For the most destitute, the city's roughly 10,000 homeless, Barry's administration has done little. As the battle between Mitch Snyder's Community for Creative Non-Violence and the Reagan Administration raged over the renovation of a few federal shelters, Barry's administration stayed quietly on the sidelines. The Washington Post, in an editorial entitled, "Where is the Mayor?' wrote, "Marion Barry is a man who made his reputation and political career by taking up the cause of people without power. Now he has an official responsibility to help a particularly needy group of people without power. It is a scandal that he does not do his duty.' In rejecting a federal proposal to house hundreds of homeless in trailers on District property, Barry said, "we are not prepared to take sorely needed local dollars to pay for either short-term or long-term solutions that are solely the responsibility of the federal government.' Barry also opposed a referendum stating that the city had a responsibility to shelter the homeless.

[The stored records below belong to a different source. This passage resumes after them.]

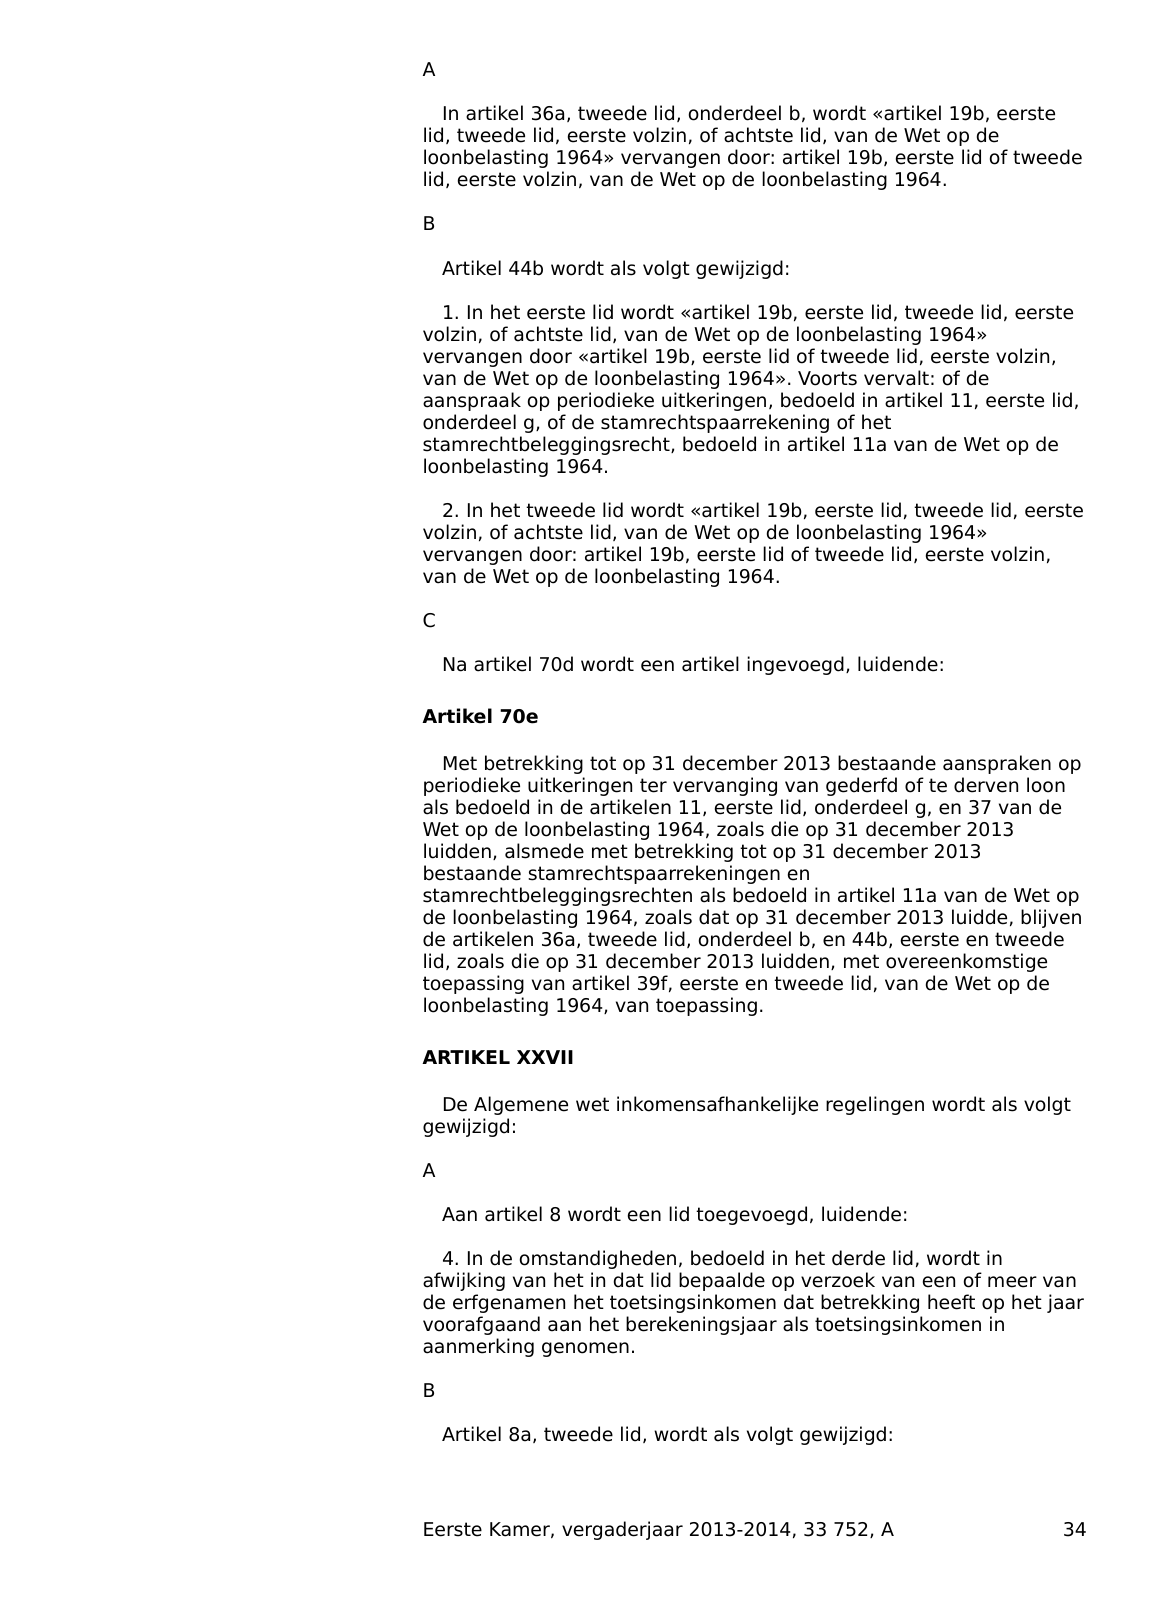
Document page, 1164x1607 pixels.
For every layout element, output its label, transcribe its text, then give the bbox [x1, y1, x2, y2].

text Artikel 44b wordt als volgt gewijzigd: [422, 257, 1087, 279]
text C [422, 610, 1087, 632]
text A [422, 1160, 1087, 1182]
text 4. In de omstandigheden, bedoeld in het derde lid, wordt in afwijking van het in dat lid bepaalde op verzoek van een of meer van de erfgenamen het toetsingsinkomen dat betrekking heeft op het jaar voorafgaand aan het berekeningsjaar als toetsingsinkomen in aanmerking genomen. [422, 1248, 1087, 1358]
subtitle ARTIKEL XXVII [422, 1047, 1087, 1069]
text Met betrekking tot op 31 december 2013 bestaande aanspraken op periodieke uitkeringen ter vervanging van gederfd of te derven loon als bedoeld in de artikelen 11, eerste lid, onderdeel g, en 37 van de Wet op de loonbelasting 1964, zoals die op 31 december 2013 luidden, alsmede met betrekking tot op 31 december 2013 bestaande stamrechtspaarrekeningen en stamrechtbeleggingsrechten als bedoeld in artikel 11a van de Wet op de loonbelasting 1964, zoals dat op 31 december 2013 luidde, blijven de artikelen 36a, tweede lid, onderdeel b, en 44b, eerste en tweede lid, zoals die op 31 december 2013 luidden, met overeenkomstige toepassing van artikel 39f, eerste en tweede lid, van de Wet op de loonbelasting 1964, van toepassing. [422, 753, 1087, 1017]
text Artikel 8a, tweede lid, wordt als volgt gewijzigd: [422, 1424, 1087, 1446]
text B [422, 213, 1087, 235]
text 1. In het eerste lid wordt «artikel 19b, eerste lid, tweede lid, eerste volzin, of achtste lid, van de Wet op de loonbelasting 1964» vervangen door «artikel 19b, eerste lid of tweede lid, eerste volzin, van de Wet op de loonbelasting 1964». Voorts vervalt: of de aanspraak op periodieke uitkeringen, bedoeld in artikel 11, eerste lid, onderdeel g, of de stamrechtspaarrekening of het stamrechtbeleggingsrecht, bedoeld in artikel 11a van de Wet op de loonbelasting 1964. [422, 302, 1087, 477]
text A [422, 59, 1087, 81]
subtitle Artikel 70e [422, 706, 1087, 728]
text In artikel 36a, tweede lid, onderdeel b, wordt «artikel 19b, eerste lid, tweede lid, eerste volzin, of achtste lid, van de Wet op de loonbelasting 1964» vervangen door: artikel 19b, eerste lid of tweede lid, eerste volzin, van de Wet op de loonbelasting 1964. [422, 103, 1087, 191]
text B [422, 1380, 1087, 1402]
text De Algemene wet inkomensafhankelijke regelingen wordt als volgt gewijzigd: [422, 1094, 1087, 1138]
text Na artikel 70d wordt een artikel ingevoegd, luidende: [422, 654, 1087, 676]
text Aan artikel 8 wordt een lid toegevoegd, luidende: [422, 1204, 1087, 1226]
text 2. In het tweede lid wordt «artikel 19b, eerste lid, tweede lid, eerste volzin, of achtste lid, van de Wet op de loonbelasting 1964» vervangen door: artikel 19b, eerste lid of tweede lid, eerste volzin, van de Wet op de loonbelasting 1964. [422, 500, 1087, 588]

The referendum passed overwhelmingly and now the Barry administration is battling it in the courts.

In the area of transportation, Barry--the man who led a boycott to protest increased bus fares for the poorest riders--has presided over the construction of a discriminatory transportation system. Anyone interested in a quick lesson in the demographics of poverty and political clout in Washington need only glance at a Metro map. There are four lines: red, blue, yellow and green. The red, blue and yellow lines cut through downtown Washington and jut into the ritzy Maryland and Virginia suburbs; the green line draws a loop through most of the blackest, poorest parts of town. Three of those four lines are partially or totally complete. One has not been begun and may never be begun. Guess which. Barry ducks this charge by saying that the plans for the Metro were finished long before he came into office. True. But as finances were dwindling and decisions were being made to concentrate resources on the commuter lines, Barry threw up his hands.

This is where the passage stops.